Just returned from Pranzo at Divino in Brentwood. What's "pranzo" you ask? In a word...brunch.

But this deserves its special name, as it is done in a more refined, nuanced way than your typical omellete/benedict/pancake brunch.

The room has soaring ceilings, crisp tablecloths, and fresh flowers vibrant in the streaming sunlight. The Pranzo menu features about a dozen options, most with Italian names which escape me.

I ordered Trappezatta - To the uninitiated, that means rich, soft, creamy scrambled eggs w. herbs, balanced atop a pair of toasted crusty baguette slices, each topped with red tomato and a rectangle of tangy, crumbly white cheese (along the lines of parmesan). As if this was insufficient, the plate is strewn with generous slices of speck (like prosciutto, but a drier, firmer, less fat-ribboned ham), and kissed with two slices of tomato, each topped with a golf ball-sized portion of creamy burratta and a basil leaf. And then, it's finished off with an incredibly delicate leek/potato pillow dumpling.

This is exactly what you could expect for breakfast if you woke up one morning in a rustic little town on the Dalmatian Coast, where Goran (Divino's proprietor) says he draws most of his culinary influences.

My distracted associate (don't ask) ordered the first thing that caught her eye - a grilled vegetable pizza.
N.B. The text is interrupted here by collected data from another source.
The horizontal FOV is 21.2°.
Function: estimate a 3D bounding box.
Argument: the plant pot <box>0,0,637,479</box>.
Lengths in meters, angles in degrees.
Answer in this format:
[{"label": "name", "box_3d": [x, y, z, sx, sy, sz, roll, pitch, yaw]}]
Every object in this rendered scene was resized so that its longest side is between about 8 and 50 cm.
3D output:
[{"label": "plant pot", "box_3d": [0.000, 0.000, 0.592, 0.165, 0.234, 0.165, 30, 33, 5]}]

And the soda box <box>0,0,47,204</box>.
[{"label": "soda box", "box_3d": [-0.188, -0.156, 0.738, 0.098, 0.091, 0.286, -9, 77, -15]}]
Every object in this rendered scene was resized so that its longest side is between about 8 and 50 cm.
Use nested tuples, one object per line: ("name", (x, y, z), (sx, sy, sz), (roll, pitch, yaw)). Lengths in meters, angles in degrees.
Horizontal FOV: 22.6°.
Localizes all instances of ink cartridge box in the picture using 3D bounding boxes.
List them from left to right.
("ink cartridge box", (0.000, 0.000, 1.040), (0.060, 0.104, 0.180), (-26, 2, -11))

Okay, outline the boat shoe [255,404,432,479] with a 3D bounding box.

It was delicious, suggesting that you probably can't go wrong on this menu.

Other tables had an eggy-looking porridge (maybe a breakfast rissoto?).

Other menu items that sounded good were Scottish smoked salmon and eggs and scrambled eggs with your choice of a bunch of different kinds of exotic mushrooms.

I can't stress enough how much care the kitchen seems to take with their eggs. The menu lists a few different preparations, and I suspect that they are varying levels of scrambled/poached/braised/soft-boiled/etc. The fact that they acknowledge the many ways to treat an egg demonstrates to me the attention that is being paid to the details.

I can't say how long they've been open for "Pranzo," but I hope they keep it up, because I'll be back.